Hello everyone. I was wondering if anyone here is experienced with building a search engine from scratch. I have some questions when it comes to choosing ElasticSearch vs Solr and also performance evaluation (document ranking, query expansion, metadata analytics and more). Thank you!
we had a lively discussion about this once with Huda K.. Ashleigh F. and others chimed in on LinkedIn: https://www.linkedin.com/posts/sellieyoung_knowledgegraphs-search-kgs-activity-6704812840198443008-QAD_
Hi Marios T., I am not experienced with building search engines but I am indeed working to enhanced one that is based on Elasticsearch. However, I would be glad to discuss the subject with you 馃檪 For now the only thing I can do is to tell you look for the differences between Solr and Lucene since Elasticsearch is built on top of Lucene 馃槈
I think Solr is built on top of LUcene too
Agree with Michael G., Elastic is doing much better in multilingual and working with KG data, among other things
Our company (LexisNexis - something like 3 petabytes of data) went with solr - it took a while for us to decide. I think our main driver was flexibility but we do have some services in elastic. This is a great resource and community: https://opensourceconnections.com/.
Another approach, which I've seen used as scale: analyze the incoming searches for the use case and pre-compute/cache the most common ones. Our team used Redis for this, in a use case (200+ publishers' content) where 80% of all queries were among a few dozen keywords. We could precompute results for those and increase performance dramatically. In that project we also used a KG-based graph widget in React, where users typically spent 90% of their time after initial search. For the remaining (very small) percentage that required full-text search, we used RediSearch which turned out to be faster and more reliable than the Lucence-based alternative mentioned above.
Hi Marios and everyone on this thread, just wanted to shamelessly self-promote www.entityze.com that can be used in conjunction with Solr/Lucene and Elastic Search to automatically add a layer of normalized semantic metadata for each document... the granularity of the semantic metadata can be finetuned.
We went with solr from legacy proprietary search engine for our intranet search at IBM. Some other factors like internal expertise etc played a key role in choosing solr over elastic.
if combined with KG, I can not use ES or solr, instead, I will select vector search for larger use spaces for different types of nodes. And, I will first build KG, then, I will do KG embeddings and this will run into vector world, finally, I will integrate embedding results with vector search engines, eg.https://milvus.io/
There is an aricle about Graph Recommedation with Milvus https://medium.com/unstructured-data-service/graph-based-recommendation-system-with-milvus-c40b3aafd295
Paco N. I have some further questions on the approach you mentionned. Could you (or anyone) expend on it? I have experienced with Elasticsearch for my company search engine and I am now exploring possible other solutions. Other than enhancing the results relevance, they are also interested in system performance and hardware costs (expecially this one). Below are some specific questions:
"(200+ publishers' content)" --> could you give an idea of the DB size? (are we speaking about Terabytes or Gigabytes of data?

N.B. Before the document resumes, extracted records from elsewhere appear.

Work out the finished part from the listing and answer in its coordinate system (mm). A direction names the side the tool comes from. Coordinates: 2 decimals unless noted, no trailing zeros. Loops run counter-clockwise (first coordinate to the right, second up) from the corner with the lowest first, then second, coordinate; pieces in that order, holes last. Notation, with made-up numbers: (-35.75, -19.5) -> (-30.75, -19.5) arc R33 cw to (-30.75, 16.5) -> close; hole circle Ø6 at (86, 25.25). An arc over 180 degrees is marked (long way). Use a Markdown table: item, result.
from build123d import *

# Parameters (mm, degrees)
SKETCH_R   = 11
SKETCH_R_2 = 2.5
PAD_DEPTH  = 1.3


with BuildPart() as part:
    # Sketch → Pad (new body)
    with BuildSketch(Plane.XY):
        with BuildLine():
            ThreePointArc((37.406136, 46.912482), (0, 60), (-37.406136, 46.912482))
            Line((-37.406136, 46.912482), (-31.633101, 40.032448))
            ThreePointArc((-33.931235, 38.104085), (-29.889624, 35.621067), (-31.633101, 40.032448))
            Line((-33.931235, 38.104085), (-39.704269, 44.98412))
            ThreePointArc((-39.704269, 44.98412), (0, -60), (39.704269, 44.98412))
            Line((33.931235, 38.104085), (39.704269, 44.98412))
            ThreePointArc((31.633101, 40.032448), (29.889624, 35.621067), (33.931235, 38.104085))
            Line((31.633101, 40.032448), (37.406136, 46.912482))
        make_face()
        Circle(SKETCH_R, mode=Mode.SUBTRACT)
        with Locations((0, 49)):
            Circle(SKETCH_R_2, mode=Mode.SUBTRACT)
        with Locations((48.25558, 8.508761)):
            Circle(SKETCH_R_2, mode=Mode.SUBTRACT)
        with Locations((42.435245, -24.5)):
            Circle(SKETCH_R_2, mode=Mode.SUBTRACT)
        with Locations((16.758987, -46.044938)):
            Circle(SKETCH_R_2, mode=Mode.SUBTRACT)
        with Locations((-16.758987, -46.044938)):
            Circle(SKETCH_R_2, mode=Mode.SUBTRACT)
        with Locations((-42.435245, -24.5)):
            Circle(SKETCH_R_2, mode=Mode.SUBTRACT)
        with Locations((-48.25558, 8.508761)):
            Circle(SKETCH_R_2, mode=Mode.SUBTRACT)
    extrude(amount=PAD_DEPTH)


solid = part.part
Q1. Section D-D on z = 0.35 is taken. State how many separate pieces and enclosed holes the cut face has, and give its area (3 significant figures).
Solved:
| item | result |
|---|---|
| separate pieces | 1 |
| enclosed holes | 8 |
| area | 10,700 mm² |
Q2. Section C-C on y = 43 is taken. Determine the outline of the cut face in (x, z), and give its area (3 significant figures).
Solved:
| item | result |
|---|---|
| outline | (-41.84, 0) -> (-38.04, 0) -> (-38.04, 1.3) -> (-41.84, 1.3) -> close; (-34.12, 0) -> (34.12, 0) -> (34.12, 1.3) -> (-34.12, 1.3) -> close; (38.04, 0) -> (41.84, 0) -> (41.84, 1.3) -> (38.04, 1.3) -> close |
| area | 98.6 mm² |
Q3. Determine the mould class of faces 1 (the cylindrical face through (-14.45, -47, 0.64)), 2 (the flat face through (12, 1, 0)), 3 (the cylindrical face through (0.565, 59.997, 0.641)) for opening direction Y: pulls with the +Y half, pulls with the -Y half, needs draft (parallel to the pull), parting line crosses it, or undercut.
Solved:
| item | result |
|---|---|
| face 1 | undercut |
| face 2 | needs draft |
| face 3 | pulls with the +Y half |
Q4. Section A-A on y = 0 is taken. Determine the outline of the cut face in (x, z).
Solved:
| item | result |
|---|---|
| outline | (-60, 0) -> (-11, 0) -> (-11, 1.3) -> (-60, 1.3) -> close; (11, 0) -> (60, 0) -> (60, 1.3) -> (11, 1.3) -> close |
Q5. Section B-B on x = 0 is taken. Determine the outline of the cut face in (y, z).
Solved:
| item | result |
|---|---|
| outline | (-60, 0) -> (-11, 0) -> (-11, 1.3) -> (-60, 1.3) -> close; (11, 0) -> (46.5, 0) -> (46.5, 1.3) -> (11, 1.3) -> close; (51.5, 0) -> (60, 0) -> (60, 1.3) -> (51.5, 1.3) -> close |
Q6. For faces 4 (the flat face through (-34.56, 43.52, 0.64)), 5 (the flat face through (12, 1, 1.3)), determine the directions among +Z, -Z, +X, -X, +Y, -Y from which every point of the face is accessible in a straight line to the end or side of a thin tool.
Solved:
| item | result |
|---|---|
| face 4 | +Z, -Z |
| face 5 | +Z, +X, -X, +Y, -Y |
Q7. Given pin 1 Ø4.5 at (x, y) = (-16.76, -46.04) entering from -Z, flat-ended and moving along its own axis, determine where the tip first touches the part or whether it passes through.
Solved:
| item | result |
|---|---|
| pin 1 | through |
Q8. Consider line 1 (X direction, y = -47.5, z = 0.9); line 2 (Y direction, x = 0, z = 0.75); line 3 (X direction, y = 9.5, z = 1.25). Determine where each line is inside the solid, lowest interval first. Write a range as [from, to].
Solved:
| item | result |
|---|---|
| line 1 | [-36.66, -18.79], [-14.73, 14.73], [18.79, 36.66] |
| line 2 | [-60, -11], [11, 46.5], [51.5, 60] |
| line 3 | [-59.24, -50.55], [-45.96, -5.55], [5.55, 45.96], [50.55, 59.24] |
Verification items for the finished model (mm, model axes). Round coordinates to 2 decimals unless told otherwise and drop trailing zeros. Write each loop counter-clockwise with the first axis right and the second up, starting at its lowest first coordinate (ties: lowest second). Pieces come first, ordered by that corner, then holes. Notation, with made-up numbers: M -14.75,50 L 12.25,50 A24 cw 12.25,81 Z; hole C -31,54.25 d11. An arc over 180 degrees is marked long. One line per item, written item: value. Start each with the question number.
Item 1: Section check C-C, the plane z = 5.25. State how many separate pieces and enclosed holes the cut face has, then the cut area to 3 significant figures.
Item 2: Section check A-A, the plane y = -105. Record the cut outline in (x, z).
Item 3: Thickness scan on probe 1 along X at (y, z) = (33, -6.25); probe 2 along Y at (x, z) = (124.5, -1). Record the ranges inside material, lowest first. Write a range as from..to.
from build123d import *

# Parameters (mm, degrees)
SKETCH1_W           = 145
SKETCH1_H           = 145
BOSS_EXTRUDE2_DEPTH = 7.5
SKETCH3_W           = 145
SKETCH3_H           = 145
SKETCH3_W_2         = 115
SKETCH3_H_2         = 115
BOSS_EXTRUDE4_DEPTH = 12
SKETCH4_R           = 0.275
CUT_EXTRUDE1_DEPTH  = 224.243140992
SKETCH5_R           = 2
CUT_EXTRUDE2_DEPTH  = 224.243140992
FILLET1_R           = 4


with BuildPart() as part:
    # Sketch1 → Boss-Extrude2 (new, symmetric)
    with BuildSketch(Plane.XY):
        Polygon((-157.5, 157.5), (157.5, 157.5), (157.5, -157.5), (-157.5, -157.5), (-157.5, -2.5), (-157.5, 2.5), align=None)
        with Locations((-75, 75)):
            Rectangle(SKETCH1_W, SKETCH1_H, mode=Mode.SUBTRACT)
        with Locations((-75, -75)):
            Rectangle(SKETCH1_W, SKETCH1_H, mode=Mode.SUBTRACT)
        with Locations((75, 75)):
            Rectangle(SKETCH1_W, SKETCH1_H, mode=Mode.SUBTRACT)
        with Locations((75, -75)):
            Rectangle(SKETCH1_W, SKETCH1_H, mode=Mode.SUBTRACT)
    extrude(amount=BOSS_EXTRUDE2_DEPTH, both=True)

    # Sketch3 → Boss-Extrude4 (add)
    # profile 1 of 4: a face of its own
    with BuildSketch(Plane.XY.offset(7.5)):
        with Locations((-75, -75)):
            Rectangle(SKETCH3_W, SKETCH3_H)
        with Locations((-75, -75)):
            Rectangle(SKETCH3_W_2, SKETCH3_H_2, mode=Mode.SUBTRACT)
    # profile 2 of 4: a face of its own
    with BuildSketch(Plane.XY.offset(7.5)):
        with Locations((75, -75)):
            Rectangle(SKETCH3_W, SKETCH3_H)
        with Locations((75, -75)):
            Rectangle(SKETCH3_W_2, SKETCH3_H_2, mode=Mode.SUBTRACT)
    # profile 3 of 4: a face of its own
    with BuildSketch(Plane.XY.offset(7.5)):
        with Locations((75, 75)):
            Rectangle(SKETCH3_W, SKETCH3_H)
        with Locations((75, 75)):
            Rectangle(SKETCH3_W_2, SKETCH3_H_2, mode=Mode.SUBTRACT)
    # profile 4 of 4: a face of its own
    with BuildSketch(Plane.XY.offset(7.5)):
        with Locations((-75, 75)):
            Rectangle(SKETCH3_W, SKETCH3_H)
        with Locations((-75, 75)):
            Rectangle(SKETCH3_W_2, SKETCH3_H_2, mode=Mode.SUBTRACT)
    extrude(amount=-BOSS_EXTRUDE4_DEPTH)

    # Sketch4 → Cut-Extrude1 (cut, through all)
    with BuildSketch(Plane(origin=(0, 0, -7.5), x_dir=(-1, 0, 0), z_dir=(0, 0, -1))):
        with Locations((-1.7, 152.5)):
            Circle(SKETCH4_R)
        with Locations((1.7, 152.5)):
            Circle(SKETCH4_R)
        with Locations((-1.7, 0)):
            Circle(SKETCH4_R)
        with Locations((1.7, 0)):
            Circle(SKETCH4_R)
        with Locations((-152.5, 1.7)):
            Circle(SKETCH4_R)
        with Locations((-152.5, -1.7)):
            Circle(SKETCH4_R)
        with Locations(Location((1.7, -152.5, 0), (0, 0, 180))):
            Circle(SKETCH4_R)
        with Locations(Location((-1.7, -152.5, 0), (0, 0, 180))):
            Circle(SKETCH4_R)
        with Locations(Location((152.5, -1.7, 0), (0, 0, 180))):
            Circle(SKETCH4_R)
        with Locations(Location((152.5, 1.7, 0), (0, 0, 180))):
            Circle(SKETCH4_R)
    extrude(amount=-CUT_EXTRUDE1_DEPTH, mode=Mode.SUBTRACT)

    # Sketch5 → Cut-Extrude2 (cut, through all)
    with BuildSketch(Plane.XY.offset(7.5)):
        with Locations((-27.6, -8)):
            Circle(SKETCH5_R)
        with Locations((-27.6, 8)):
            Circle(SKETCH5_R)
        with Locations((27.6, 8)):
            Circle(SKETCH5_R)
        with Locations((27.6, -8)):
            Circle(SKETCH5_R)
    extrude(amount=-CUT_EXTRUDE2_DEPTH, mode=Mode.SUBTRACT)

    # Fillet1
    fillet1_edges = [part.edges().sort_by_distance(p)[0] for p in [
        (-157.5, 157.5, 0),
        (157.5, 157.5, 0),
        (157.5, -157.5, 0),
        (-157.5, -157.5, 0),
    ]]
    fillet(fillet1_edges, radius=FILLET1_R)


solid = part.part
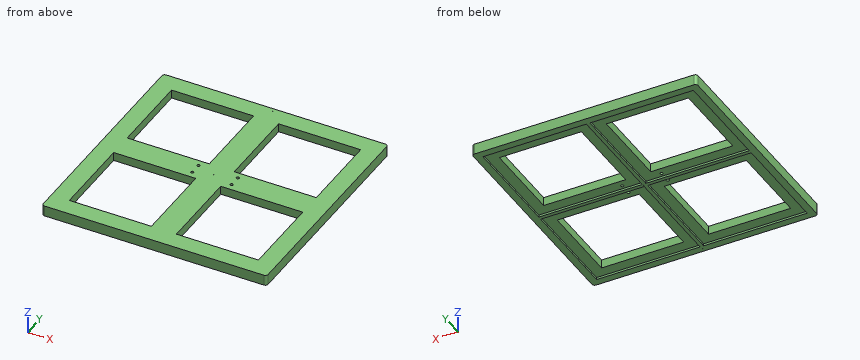
Response values:
1. separate pieces: 1
1. enclosed holes: 18
1. area: 46,300 mm2
2. outline: M -157.5,-7.5 L -147.5,-7.5 L -147.5,-4.5 L -132.5,-4.5 L -132.5,7.5 L -157.5,7.5 Z; M -17.5,-4.5 L -2.5,-4.5 L -2.5,-7.5 L 2.5,-7.5 L 2.5,-4.5 L 17.5,-4.5 L 17.5,7.5 L -17.5,7.5 Z; M 132.5,-4.5 L 147.5,-4.5 L 147.5,-7.5 L 157.5,-7.5 L 157.5,7.5 L 132.5,7.5 Z
3. probe 1: x = -157.5..-147.5, -2.5..2.5, 147.5..157.5
3. probe 2: y = -157.5..-132.5, -17.5..17.5, 132.5..157.5

"For the remaining (very small) percentage that required full-text search" --> Do you have an idea of your data size? My concern is on the hardware cost side there since, from what I understand, REDIS requires either a lot of RAM or at least disks with high I/O (like SSDs) which are also quite expensive.
"80% of all queries were among a few dozen keywords" --> does it means that you used REDIS to cache the sets of relevant documents associated with each keyword?